In the output, include exactly the lines from the beginning of the records up to and including the one that contains "Answer: 134.67 Which", and leave out the pictures.

DATA TO EXAMINE START

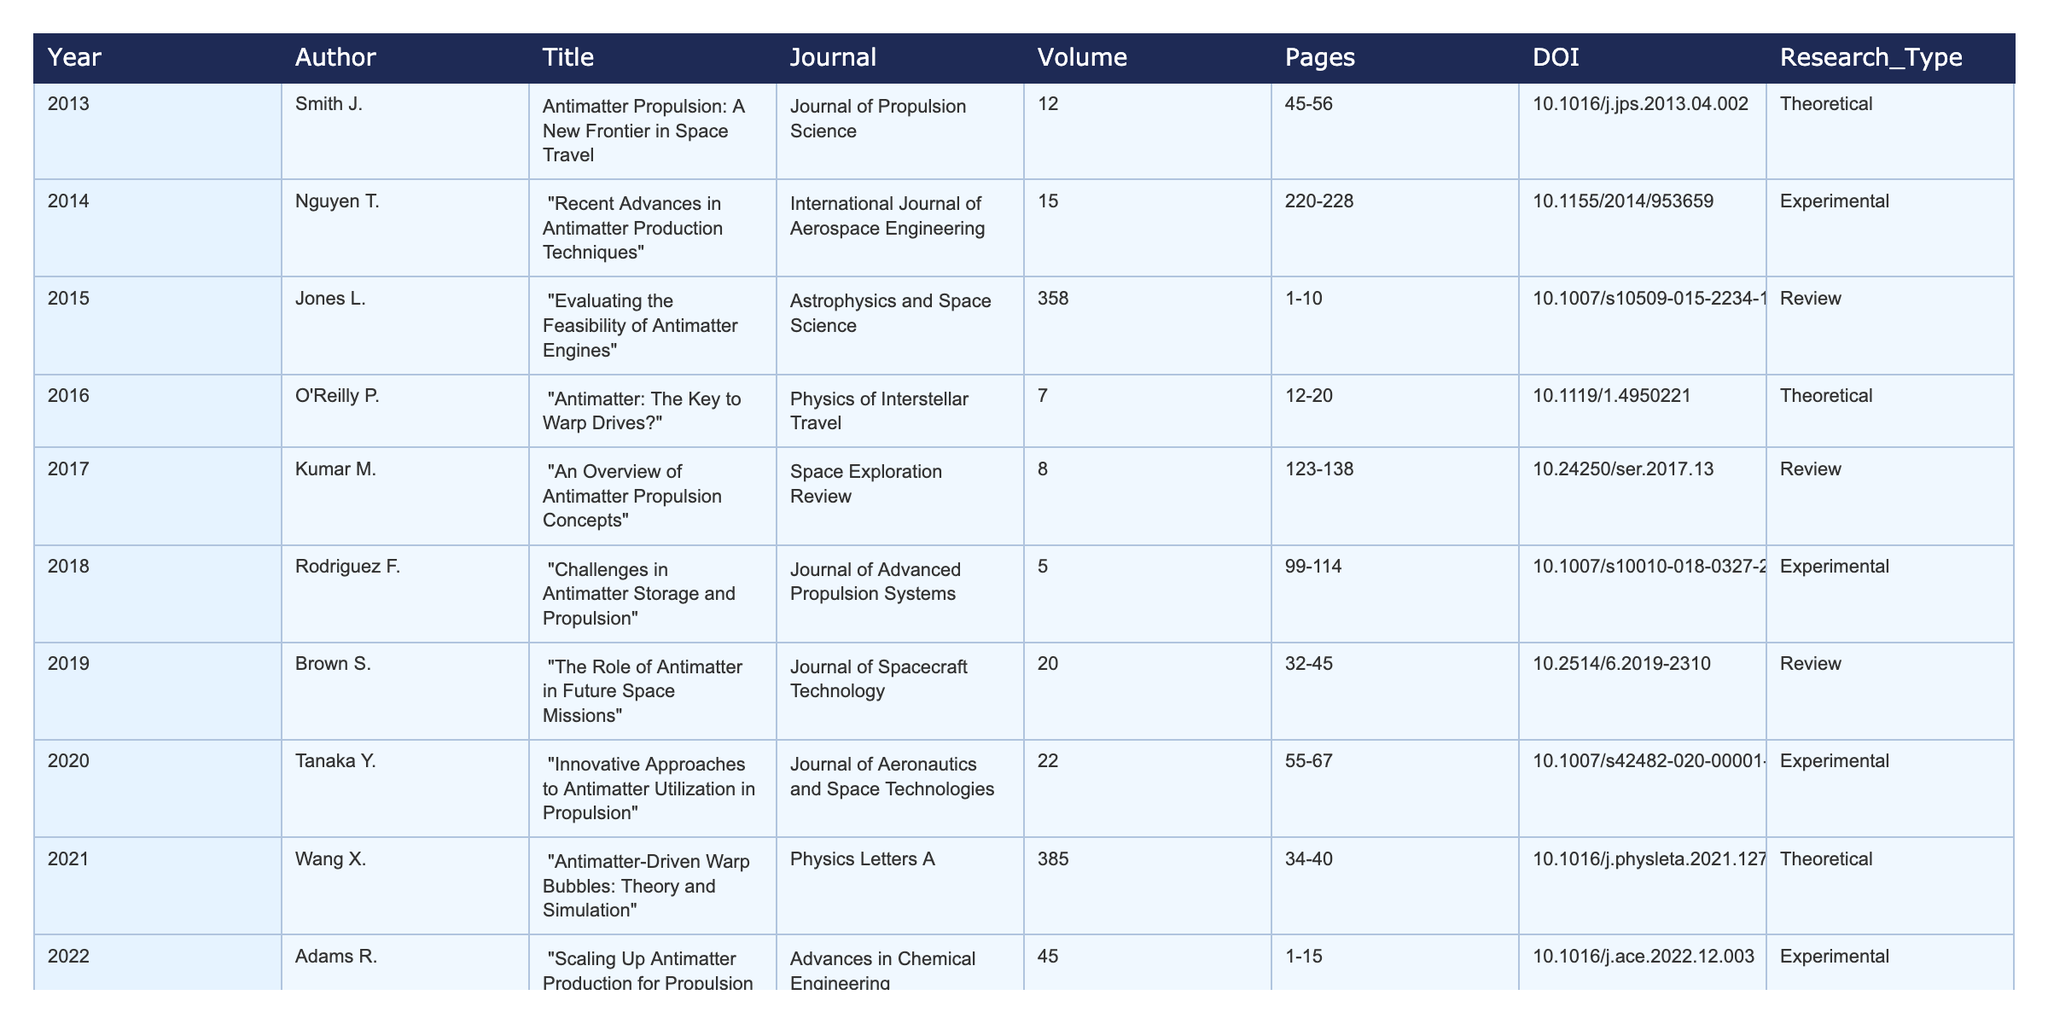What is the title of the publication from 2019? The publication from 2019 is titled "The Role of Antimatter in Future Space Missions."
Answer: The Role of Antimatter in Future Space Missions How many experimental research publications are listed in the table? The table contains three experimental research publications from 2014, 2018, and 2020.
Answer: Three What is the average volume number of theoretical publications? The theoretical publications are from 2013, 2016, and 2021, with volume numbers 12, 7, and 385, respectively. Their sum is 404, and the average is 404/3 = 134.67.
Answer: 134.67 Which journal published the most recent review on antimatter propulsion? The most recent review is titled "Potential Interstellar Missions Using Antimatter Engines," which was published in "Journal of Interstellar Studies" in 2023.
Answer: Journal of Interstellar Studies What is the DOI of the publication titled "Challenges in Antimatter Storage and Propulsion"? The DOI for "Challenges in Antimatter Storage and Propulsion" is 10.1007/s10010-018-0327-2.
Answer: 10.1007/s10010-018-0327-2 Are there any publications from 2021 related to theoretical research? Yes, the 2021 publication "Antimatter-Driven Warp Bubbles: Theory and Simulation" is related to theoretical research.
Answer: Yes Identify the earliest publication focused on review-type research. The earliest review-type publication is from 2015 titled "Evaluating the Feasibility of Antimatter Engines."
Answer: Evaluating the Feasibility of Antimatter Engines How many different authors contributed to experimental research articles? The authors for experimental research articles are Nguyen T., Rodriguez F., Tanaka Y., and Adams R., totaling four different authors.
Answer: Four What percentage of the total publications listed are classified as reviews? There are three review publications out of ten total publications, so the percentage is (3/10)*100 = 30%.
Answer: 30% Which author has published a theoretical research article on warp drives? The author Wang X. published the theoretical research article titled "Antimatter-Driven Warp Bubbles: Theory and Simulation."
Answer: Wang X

DATA TO EXAMINE END

### TASK RESPONSE:
What is the title of the publication from 2019? The publication from 2019 is titled "The Role of Antimatter in Future Space Missions."
Answer: The Role of Antimatter in Future Space Missions How many experimental research publications are listed in the table? The table contains three experimental research publications from 2014, 2018, and 2020.
Answer: Three What is the average volume number of theoretical publications? The theoretical publications are from 2013, 2016, and 2021, with volume numbers 12, 7, and 385, respectively. Their sum is 404, and the average is 404/3 = 134.67.
Answer: 134.67 Which journal published the most recent review on antimatter propulsion? The most recent review is titled "Potential Interstellar Missions Using Antimatter Engines," which was published in "Journal of Interstellar Studies" in 2023.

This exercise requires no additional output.